Удрученные опытом, сыны Иуды стали теперь еще суровее и лицемернее, чем их лютые предки. Отсюда понятно, что Талмудическая герменевтика должна представлять обширную науку. Действительно, ряд глубоко поучительных данных и весьма обстоятельное понятие о ней дает Чиарини (Theorie du Judaisme), а Каббала, без знакомства с которой полное изучение Талмуда немыслимо, лишь крайне усугубляет эти трудности.
Во всяком случае, чрезвычайно важным доказательством опасности Талмудических принципов для гоимов и заведомости ее для сынов Иуды служат два неизменных в еврейской истории факта: а) евреи всячески избегают прозелитов, между прочим, и потому, что боялись и боятся их нескромности, и б) они трепещут пред самой возможностью ренегатства в собственной среде, а потому сообща, жестоко мстят своим вероотступникам.
Таков Талмуд.
XII. В маленьком еврейском местечке Польши, Белоруссии или Галиции и на такой сцене, как Париж или Нью-Йорк, в сознании мелкого фактора-мишуриса, Сруля Наружнера или в сложном уме лондонского лорда-мэра Генри Аарона Исаакса, в области религии и в сфере гешефта, по отношению к израильтянам либо к иноверцам-гоям, Талмуд одинаково является всеразрешающей энциклопедией, равно обязательной во всяких случаях жизни, комбинациях, надеждах и помышлениях истинного еврея.

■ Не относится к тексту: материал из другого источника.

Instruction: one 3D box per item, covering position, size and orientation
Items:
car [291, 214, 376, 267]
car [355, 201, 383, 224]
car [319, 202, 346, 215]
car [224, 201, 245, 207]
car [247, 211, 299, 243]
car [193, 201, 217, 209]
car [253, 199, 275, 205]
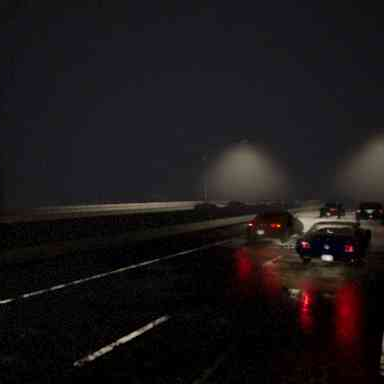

Написать конституцию еврейства, значит исчерпать Талмуд.
Для правоверного еврея найти выход из любого положения – это подыскать соответственное указание в том же Талмуде. Разобраться в черной душе фанатического Талмудиста, Иуды-предателя, это – согласовать бесчисленные противоречия, вопиющие нелепости и лихоимственные извороты его учителей-раввинов Талмуда. С первого дня рождения и до могилы, закоренелый еврей вращается исключительно в Талмудической атмосфере, ею одной дышит, претворяет и совершенствует ее в самом себе и, наконец, завещает плоды своей пронырливости будущим поколениям таких же Талмудистов, как он сам.
Уничтожьте все экземпляры Талмуда, и жиды напишут его вновь! Подвергните его цензуре, и они станут заучивать воспрещенные места наизусть, передавая их из поколения в поколение на словах, как это они делают и теперь по отношению к тем сатанинским клеветам на христианство и своим законам о гоях, которыми прямо или косвенно, явно или иносказательно, отличается Талмуд.
"Не для взрослых людей, а разве для малых, но злобных ребят написано это учение, – говорил еще философ Аверроэс (умер в 1217 г.), – а затем разработано так, что последователей Талмуда нет возможности извлечь ни из жалкого невежества, ни из их глубочайшей безнравственности".
Действительно, по всем своим признакам, Талмуд кажется произведением, возможным разве среди дикарей. Между тем, он появился в самый разгар греческой и римской цивилизации. Уже этим доказано с ясностью, насколько расовая вражда неизменно отделяла еврейство от всего остального человечества. Все усилия старейшин Израиля имели единственной целью сделать евреев непохожими на прочих людей.
Как бы эти люди ни были прекрасны и полезны учреждения других народов, они должны быть проклинаемы евреями.
Их Бог и религия, право и нравственность, надежды и замыслы, стремления и занятия, промыслы и праздники, нравы и забавы, жилища и платье, суды и календарь, наконец, сама пища, – все должно иметь особый характер. Не отсюда ли и сказания о Левиафане с Бегемотом?!..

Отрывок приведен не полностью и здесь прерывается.